As a columnist, I’ve also had a long record of showing support for unions representing our auto workers, paper mill workers and others in the trades (and they certainly know that) who’ve gone so far as to make repeated concessions on their wages and benefits in the face of relentless job cuts. These are unions that also regularly get involved in other broader civic causes across the community, and the president of CAW 199 president Wayne Gates showed it again earlier this month when he joined a gathering of residents in south Niagara (where his local has few members) to protest the closing of hospital services there.
We don’t get much of that broader civic interest from teachers’ unions. For them, it is mostly about how much more they can get for themselves from the milk cow – the milk cow being we the tax payers and the students who are going further and further into debt paying for the tuitions and the overpriced text books to cover their salaries and benefits.
Four years ago this winter, this same college teachers union was warned repeatedly by the province’s college presidents that if they got the 12.6 per cent wage they were demanding, they would suck dry most of an infusion of funding the province granted to the colleges for a number purposes other than their wages. But the union didn’t much mind. It orchestrated 18-day strike anyway – a period that came dangerously close to gutting the winter term for students – and in the end got virtually everything it wanted in the wage category.
It was disgusting enough then that this union demonstrated, through its actions, that it could not give a flying fig for using an infusion of our tax dollars and dollars and students’ jacked-up tuition fees for anything other than their wages and benefits.
It is even more obscene to think that this union and a majority of its members are trying to pull the same act now, as so many others of us out here – outside their bubble – have lost jobs or have had them downsized and are struggling to pay the bills in the middle of an economic tsunami.
In fairness to more than 40 per cent of the college members who are members of this union, they voted against strike action and must certainly realize that the rest of us, including their students, are feeling a bit of pain out here. At least some of them must get it, that the milk cow has been drained and there is no more money. The province is facing record deficits. We’ve been sucked dry.
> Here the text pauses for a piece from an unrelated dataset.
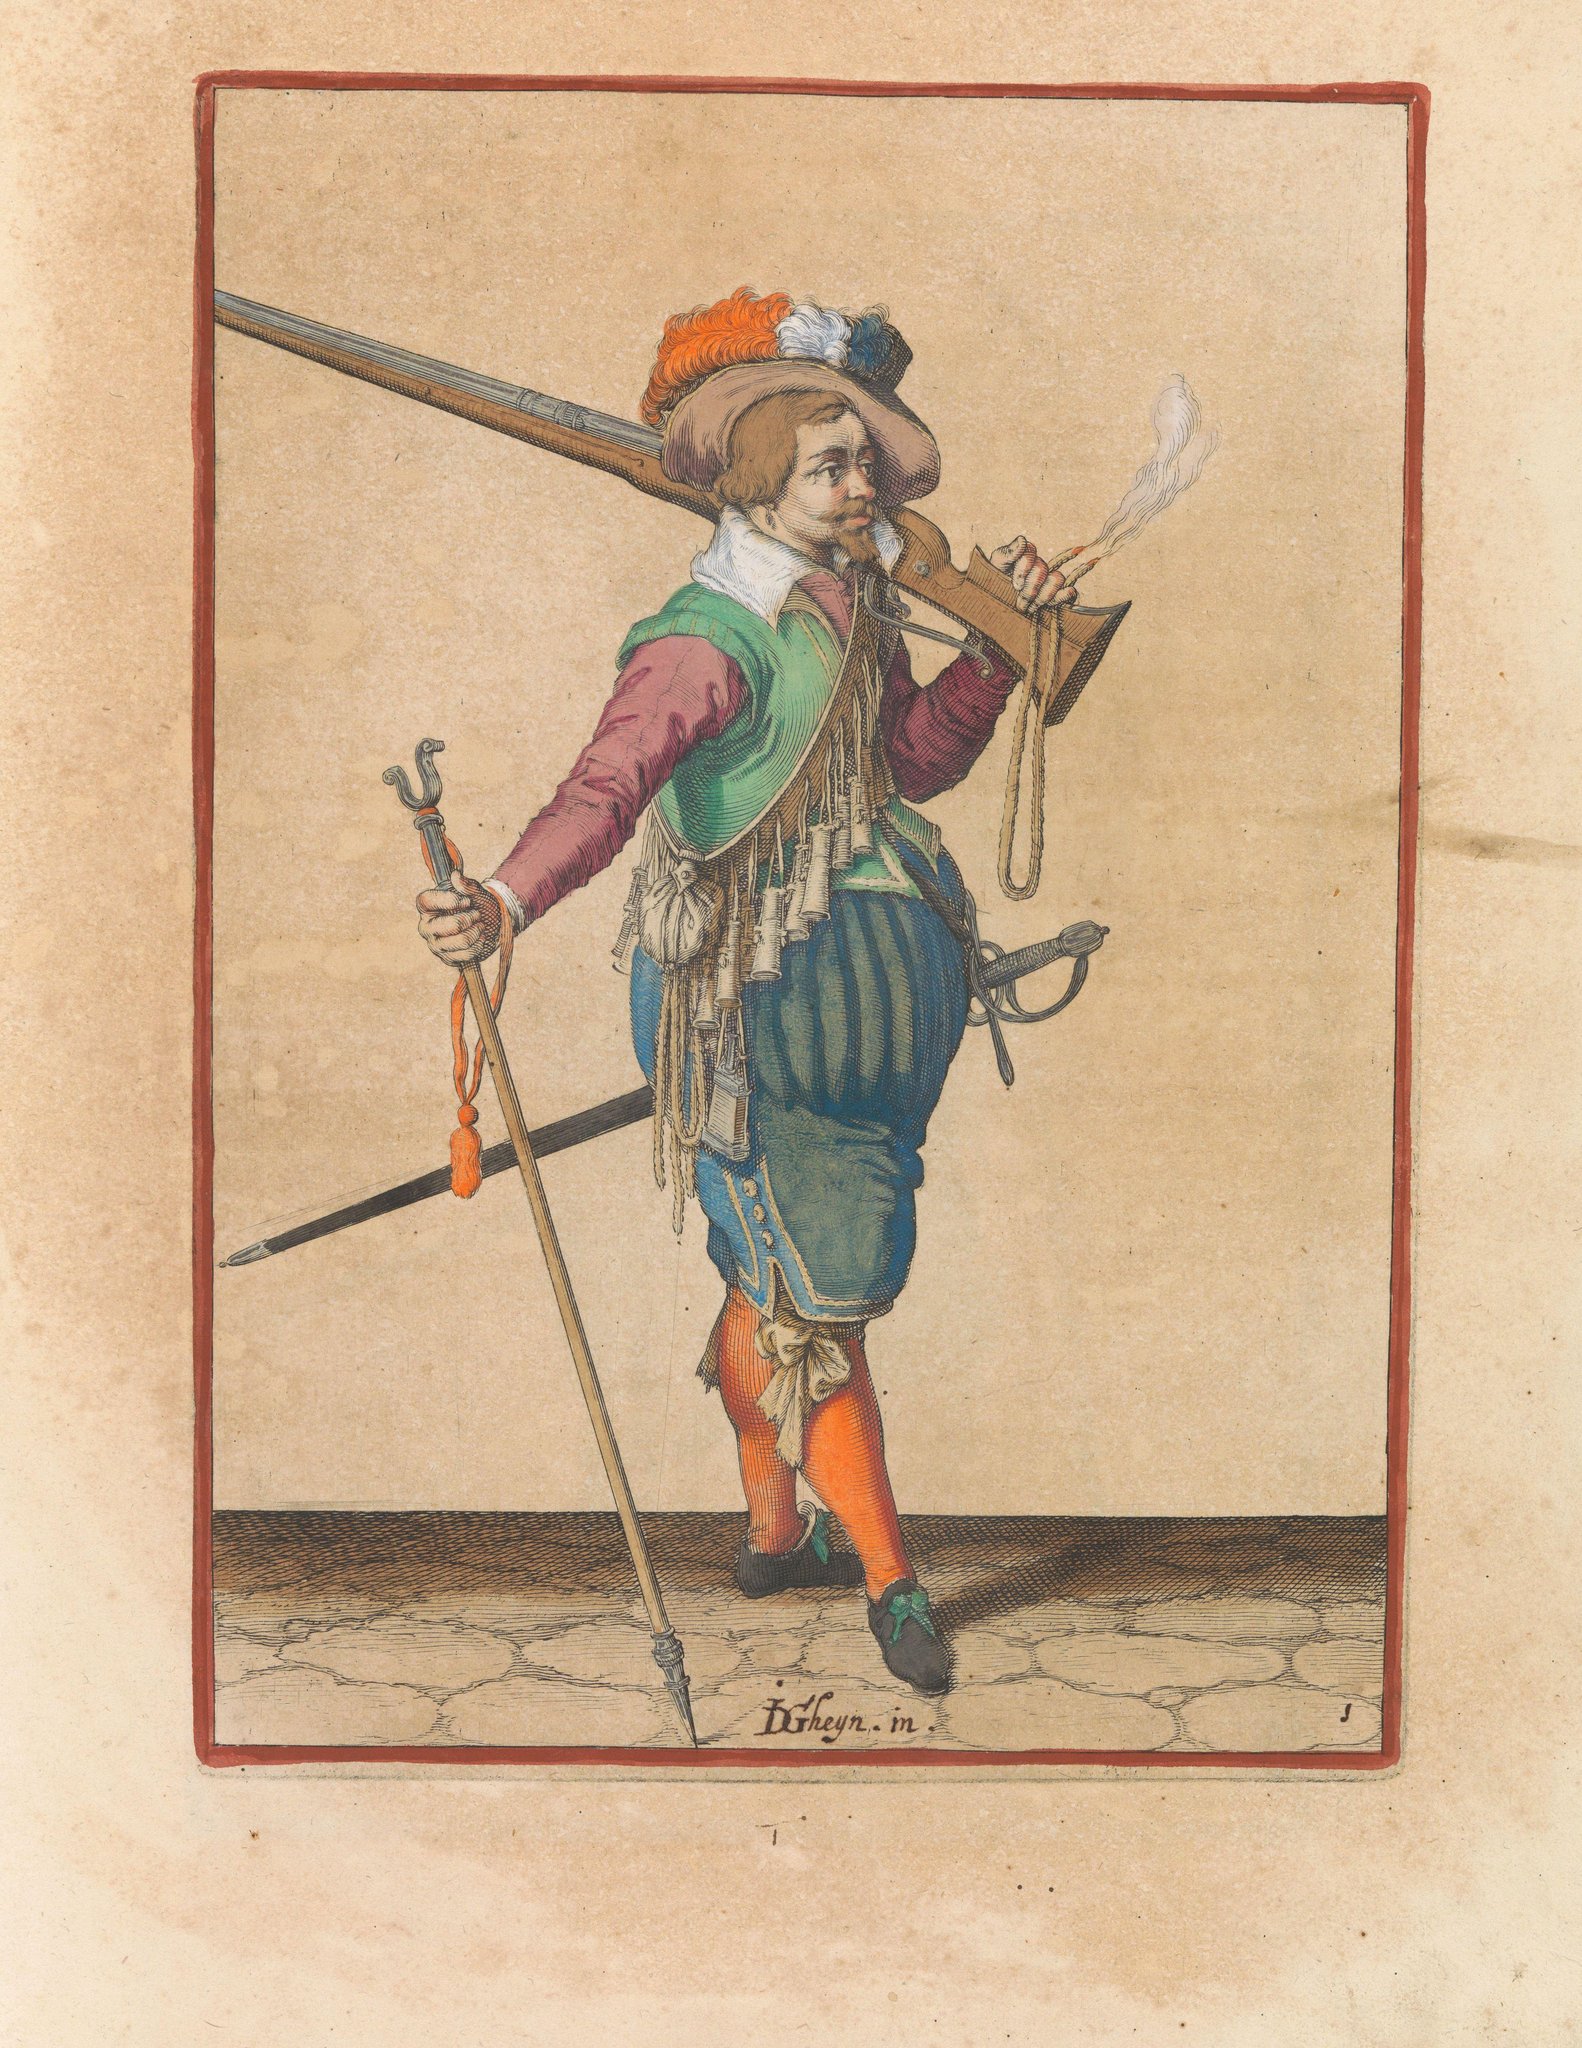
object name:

But that probably won’t register very much with the college teacher union’s president, Warren ‘Smokey’ Thomas, who has already had a few months to think about it. Instead, Smokey and his gang will likely be sending out to their members the same kind of talking points we heard in the weeks and days leading up to the last strike.
They talk about how hard teachers work and how much value they add to the community. But then most of us are working hard at things that add value to the larger community. Just ask the people of Toronto, for example, how much value sanitation workers bring to their communities after a strike last summer that saw their neigbhourhoods infested with stinking piles of household waste. Ask anyone who has had a water pipe burst in their home how much value a plumber brings to their lives at a time like that. Probably a lot more than a teacher Smokey, unless the teacher happens to have a background in shop.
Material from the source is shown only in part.